6. The AI-optimized terminal data transmission method as described in claim 1, characterized in that: The specific steps for constructing the hierarchical constraint reinforcement learning model are as follows: Based on the reinforcement learning decision-making framework, a hierarchical structure is constructed, consisting of an input layer, a hierarchical policy decision layer, a constraint judgment layer, and an output layer; the hierarchical policy decision layer includes a high-level decision layer and a low-level execution layer. The input layer receives the transmission state feature vector and inputs it to the hierarchical policy decision layer. The higher-level decision layer makes global scheduling decisions, and the lower-level execution layer makes transmission parameter decisions. By establishing a constraint decision layer that runs through both the high-level decision-making layer and the low-level execution layer, and by performing feasibility verification and execution deterministic correction, a hierarchical constraint reinforcement learning model is formed.

7. The AI-optimized terminal data transmission method as described in claim 1, characterized in that: The high-level decision-making layer takes the transmission state feature vector as input, uses a value function-based reinforcement learning method for offline training, and runs on the terminal side in a forward inference mode to learn the scheduling decision rules under different operating states. The lower-level execution layer is trained using a policy network-based reinforcement learning method under the scheduling constraints of the upper layer, and is formed by making detailed decisions on packet segmentation, transmission rhythm and transmission control parameters.

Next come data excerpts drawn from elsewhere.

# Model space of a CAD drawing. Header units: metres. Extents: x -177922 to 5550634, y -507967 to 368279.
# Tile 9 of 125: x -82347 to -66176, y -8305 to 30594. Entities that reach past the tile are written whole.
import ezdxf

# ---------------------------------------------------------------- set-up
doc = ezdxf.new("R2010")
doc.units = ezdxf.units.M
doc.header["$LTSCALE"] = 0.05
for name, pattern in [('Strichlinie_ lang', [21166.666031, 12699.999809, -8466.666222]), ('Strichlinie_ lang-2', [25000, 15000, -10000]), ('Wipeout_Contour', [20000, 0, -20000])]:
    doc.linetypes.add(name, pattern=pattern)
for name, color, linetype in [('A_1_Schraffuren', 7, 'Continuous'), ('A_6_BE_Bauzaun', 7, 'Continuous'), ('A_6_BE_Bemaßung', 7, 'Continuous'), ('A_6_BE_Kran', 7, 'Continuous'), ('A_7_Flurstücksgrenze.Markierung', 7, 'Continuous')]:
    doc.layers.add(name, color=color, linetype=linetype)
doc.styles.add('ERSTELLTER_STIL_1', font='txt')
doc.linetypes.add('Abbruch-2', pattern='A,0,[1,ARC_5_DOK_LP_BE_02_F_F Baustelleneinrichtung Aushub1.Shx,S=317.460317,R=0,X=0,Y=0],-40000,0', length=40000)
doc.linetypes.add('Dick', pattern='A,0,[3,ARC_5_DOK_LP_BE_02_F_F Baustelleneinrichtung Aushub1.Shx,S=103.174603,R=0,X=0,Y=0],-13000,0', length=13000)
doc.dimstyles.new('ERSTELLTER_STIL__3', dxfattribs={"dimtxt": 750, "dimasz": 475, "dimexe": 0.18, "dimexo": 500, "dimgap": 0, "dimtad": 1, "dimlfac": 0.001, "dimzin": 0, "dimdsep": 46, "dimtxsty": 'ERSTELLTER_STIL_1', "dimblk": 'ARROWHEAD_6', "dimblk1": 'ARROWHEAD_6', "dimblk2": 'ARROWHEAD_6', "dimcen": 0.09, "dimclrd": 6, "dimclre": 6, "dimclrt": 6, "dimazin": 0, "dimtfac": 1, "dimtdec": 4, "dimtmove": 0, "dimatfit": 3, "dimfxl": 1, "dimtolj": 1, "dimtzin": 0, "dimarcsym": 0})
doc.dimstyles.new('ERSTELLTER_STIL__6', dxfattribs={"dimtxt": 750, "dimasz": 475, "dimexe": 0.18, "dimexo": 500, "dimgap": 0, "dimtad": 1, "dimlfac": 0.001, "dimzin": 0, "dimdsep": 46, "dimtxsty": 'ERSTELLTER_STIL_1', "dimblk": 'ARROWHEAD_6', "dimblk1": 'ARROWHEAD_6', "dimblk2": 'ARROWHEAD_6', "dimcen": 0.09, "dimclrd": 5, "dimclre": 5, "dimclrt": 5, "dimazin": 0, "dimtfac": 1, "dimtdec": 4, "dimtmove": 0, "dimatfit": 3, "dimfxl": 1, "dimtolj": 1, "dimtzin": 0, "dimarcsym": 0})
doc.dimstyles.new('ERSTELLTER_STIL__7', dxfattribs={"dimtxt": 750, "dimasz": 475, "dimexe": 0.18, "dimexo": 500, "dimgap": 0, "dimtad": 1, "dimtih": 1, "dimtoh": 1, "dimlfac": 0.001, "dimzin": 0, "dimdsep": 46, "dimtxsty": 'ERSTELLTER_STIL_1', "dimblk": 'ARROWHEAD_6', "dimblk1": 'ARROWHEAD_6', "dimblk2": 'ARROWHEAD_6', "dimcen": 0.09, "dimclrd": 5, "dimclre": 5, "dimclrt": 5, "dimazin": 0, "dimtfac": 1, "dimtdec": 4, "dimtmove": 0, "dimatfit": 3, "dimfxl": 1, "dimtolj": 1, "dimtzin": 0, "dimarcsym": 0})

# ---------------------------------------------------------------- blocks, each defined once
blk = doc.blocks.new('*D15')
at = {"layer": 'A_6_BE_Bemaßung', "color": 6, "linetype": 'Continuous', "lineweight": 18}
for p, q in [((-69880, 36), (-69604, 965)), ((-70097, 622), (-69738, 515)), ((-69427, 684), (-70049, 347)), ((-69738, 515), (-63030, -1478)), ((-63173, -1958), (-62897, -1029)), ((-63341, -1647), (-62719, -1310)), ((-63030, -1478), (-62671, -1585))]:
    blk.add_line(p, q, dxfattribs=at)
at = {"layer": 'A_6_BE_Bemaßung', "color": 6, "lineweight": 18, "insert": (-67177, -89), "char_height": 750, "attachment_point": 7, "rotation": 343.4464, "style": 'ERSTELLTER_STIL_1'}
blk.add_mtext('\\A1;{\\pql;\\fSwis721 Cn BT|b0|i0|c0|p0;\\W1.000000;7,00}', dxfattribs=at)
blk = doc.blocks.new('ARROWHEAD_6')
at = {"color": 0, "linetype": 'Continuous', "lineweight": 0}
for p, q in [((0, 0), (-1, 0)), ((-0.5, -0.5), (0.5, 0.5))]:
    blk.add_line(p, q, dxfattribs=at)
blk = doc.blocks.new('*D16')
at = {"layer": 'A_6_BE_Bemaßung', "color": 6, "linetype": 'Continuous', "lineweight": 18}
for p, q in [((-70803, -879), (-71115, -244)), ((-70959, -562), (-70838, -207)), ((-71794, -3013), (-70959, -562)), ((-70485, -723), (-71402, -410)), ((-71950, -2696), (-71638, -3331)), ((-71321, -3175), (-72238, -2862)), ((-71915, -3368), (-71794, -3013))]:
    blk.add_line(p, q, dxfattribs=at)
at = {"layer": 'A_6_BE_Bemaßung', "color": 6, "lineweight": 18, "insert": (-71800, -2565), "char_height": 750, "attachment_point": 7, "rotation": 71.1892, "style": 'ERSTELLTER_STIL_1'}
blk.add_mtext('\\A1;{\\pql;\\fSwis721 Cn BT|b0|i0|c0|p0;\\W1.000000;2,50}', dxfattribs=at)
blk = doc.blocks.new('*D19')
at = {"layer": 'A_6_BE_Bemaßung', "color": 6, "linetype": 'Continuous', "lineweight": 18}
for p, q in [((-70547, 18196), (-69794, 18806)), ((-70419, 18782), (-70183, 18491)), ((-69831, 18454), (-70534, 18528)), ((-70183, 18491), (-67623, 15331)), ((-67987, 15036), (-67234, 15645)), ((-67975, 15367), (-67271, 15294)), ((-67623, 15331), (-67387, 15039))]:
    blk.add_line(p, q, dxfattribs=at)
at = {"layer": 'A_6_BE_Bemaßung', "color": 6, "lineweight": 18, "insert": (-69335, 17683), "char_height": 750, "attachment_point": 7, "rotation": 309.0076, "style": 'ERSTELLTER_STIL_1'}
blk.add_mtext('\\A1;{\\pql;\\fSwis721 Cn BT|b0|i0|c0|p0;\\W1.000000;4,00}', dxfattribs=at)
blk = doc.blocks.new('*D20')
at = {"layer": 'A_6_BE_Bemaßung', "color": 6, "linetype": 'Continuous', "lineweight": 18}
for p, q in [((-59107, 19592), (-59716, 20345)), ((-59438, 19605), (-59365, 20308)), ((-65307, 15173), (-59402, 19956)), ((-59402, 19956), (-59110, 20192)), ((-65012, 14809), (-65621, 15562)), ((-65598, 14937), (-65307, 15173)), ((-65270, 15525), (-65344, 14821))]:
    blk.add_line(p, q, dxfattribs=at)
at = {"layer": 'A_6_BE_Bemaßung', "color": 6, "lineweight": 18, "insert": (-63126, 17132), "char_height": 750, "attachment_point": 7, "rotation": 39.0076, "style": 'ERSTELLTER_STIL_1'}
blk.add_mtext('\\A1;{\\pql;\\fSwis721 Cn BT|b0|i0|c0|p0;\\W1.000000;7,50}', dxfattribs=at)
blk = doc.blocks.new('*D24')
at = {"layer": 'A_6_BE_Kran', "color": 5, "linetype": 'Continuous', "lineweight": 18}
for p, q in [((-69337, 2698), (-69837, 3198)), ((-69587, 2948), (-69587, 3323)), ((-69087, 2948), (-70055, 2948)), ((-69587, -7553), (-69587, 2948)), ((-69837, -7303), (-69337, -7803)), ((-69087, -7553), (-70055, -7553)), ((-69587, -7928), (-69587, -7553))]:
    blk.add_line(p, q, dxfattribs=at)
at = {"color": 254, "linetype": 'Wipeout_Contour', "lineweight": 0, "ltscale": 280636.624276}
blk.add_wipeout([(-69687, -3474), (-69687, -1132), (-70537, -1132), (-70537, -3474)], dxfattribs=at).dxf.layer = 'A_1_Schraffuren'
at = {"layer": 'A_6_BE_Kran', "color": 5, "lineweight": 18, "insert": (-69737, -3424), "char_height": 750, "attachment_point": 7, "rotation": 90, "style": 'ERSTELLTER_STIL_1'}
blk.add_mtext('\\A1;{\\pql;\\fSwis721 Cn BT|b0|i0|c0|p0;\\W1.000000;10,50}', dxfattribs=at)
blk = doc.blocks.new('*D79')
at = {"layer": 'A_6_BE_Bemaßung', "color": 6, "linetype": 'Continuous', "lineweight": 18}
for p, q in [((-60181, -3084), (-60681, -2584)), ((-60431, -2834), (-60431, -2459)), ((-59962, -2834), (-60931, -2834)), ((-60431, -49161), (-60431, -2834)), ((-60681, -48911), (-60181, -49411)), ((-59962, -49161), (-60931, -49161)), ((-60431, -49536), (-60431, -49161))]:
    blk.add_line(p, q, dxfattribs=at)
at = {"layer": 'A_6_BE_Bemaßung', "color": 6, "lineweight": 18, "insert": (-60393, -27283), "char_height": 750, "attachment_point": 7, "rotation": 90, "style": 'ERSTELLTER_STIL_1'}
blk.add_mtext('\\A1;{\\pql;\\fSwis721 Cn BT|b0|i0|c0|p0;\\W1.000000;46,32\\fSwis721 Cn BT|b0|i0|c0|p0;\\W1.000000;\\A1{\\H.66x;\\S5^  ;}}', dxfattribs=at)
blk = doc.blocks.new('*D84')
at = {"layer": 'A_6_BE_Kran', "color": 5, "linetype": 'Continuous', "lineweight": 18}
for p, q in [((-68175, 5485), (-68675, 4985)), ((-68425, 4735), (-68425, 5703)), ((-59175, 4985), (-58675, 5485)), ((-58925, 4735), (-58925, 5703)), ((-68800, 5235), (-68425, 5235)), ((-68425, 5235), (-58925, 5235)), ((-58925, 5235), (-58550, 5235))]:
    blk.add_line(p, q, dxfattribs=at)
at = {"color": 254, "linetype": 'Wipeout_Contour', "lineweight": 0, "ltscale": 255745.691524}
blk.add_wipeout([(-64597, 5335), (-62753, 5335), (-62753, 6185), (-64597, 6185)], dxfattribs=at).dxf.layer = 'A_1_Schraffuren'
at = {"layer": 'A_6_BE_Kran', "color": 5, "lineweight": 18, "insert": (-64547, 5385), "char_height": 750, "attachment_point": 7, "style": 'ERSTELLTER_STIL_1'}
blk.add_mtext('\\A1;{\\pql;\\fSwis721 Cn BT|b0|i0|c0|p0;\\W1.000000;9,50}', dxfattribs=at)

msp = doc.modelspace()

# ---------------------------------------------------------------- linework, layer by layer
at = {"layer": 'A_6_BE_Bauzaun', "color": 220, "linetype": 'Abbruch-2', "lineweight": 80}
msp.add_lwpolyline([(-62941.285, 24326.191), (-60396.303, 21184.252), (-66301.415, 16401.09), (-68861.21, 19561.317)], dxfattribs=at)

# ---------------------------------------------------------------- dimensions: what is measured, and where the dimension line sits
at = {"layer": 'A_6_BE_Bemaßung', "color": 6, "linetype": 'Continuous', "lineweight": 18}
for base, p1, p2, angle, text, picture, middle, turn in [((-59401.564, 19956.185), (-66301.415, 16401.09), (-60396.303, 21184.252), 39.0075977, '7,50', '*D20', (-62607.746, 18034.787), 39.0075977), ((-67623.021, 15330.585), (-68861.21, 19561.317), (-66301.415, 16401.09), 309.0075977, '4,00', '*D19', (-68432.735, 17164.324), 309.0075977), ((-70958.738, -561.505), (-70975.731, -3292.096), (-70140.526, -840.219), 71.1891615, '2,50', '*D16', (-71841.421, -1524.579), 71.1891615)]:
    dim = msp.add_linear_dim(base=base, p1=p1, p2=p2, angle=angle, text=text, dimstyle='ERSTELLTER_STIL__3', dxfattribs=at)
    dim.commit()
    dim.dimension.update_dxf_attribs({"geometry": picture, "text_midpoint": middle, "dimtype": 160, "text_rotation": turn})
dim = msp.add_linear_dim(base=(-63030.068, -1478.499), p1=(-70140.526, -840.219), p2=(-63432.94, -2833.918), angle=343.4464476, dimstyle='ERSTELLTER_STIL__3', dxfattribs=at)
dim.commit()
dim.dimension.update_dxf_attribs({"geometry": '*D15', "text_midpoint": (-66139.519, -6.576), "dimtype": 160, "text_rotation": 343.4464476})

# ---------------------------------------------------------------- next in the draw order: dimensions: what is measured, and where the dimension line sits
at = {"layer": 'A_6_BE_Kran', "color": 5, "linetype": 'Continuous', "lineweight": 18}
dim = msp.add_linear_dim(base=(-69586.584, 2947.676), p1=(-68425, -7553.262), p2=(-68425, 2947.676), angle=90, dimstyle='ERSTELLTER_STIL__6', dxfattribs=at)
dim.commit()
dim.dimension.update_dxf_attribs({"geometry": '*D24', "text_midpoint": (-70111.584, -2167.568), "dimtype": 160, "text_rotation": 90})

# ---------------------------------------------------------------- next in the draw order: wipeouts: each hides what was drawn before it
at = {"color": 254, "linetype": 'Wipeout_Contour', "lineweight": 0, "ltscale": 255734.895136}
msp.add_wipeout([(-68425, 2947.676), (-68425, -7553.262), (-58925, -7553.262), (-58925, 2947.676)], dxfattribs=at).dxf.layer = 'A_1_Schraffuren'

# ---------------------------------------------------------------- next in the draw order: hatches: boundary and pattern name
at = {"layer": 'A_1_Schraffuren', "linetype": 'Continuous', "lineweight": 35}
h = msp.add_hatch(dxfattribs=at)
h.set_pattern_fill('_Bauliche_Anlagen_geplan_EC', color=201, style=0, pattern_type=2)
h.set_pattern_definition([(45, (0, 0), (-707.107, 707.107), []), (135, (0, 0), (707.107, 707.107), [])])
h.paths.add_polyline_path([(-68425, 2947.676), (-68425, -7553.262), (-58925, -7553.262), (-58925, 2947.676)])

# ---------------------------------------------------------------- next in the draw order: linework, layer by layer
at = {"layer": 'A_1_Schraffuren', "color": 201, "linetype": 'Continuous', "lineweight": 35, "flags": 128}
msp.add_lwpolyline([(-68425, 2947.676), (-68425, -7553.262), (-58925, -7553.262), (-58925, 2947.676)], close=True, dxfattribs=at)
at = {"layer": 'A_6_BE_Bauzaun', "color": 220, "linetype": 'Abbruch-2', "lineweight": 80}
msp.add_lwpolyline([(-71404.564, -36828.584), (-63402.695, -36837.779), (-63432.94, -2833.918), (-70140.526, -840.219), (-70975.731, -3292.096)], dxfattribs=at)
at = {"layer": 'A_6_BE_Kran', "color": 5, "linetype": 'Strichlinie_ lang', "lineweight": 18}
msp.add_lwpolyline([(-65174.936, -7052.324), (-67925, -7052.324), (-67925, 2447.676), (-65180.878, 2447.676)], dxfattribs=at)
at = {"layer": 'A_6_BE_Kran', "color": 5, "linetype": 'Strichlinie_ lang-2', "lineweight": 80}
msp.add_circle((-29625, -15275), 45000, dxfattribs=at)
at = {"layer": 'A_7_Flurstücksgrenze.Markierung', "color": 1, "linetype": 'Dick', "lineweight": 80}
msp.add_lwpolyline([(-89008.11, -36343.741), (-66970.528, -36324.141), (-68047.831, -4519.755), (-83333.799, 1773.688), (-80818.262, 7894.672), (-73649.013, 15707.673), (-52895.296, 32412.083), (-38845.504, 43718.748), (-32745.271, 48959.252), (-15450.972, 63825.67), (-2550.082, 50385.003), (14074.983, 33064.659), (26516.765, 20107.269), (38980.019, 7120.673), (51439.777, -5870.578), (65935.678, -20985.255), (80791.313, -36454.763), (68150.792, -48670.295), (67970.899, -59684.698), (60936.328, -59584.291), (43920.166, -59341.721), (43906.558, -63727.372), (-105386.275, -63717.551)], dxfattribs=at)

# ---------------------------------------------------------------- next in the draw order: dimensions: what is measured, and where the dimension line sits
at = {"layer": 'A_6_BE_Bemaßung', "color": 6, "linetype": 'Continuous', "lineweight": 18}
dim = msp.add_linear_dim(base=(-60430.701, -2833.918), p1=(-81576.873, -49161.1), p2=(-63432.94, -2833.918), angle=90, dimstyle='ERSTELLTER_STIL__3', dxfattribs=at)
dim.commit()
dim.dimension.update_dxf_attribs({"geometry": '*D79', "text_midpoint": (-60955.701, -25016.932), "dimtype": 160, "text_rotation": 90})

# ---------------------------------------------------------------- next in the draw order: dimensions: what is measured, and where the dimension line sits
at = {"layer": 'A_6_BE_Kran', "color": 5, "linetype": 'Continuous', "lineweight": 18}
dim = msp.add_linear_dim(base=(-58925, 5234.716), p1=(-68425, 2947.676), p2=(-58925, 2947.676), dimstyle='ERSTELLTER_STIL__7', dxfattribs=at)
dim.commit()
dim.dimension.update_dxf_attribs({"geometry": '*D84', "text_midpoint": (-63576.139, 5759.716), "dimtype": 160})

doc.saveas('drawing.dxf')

8. The AI-optimized terminal data transmission method as described in claim 1, characterized in that: The specific steps for obtaining the transmission feedback record are as follows: Based on feasible scheduling strategies, construct an upper-level scheduling constraint view, and within the scope of the upper-level scheduling constraint view, select data to be sent from the marked queues to be transmitted to form a set of data to be sent. Based on feasible transmission strategies, perform data organization and packet processing on the data set to be sent, and send the corresponding data packets; collect the data packet sending results and establish an association record with the corresponding data to be sent to generate a transmission feedback record.